Problem description ▸
Restate word for word the lines from the one containing "4. the output: value" through the end of the listing below, with both ends included.

Data excerpts ▸
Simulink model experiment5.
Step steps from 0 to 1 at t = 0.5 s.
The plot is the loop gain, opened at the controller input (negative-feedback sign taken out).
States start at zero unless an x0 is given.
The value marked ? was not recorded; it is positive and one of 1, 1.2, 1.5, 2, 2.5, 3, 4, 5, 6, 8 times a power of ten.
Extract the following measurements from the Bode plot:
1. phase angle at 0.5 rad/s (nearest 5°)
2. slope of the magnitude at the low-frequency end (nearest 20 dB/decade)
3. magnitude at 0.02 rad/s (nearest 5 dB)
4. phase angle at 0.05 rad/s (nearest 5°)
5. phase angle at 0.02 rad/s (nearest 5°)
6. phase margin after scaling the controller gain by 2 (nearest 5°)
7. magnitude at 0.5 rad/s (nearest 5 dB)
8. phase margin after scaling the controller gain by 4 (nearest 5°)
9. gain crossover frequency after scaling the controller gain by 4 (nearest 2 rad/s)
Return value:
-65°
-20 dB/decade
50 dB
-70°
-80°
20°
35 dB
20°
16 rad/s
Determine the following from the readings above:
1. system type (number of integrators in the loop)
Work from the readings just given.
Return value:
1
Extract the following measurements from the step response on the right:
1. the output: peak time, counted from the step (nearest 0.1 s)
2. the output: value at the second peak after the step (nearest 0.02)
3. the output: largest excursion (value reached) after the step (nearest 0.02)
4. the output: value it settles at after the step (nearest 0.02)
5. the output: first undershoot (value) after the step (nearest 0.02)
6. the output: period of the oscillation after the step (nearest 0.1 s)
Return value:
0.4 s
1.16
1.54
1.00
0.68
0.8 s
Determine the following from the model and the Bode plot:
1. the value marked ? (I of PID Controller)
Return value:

Final answer ▸
4. the output: value it settles at after the step (nearest 0.02)
5. the output: first undershoot (value) after the step (nearest 0.02)
6. the output: period of the oscillation after the step (nearest 0.1 s)
Return value:
0.4 s
1.16
1.54
1.00
0.68
0.8 s
Determine the following from the model and the Bode plot:
1. the value marked ? (I of PID Controller)
Return value:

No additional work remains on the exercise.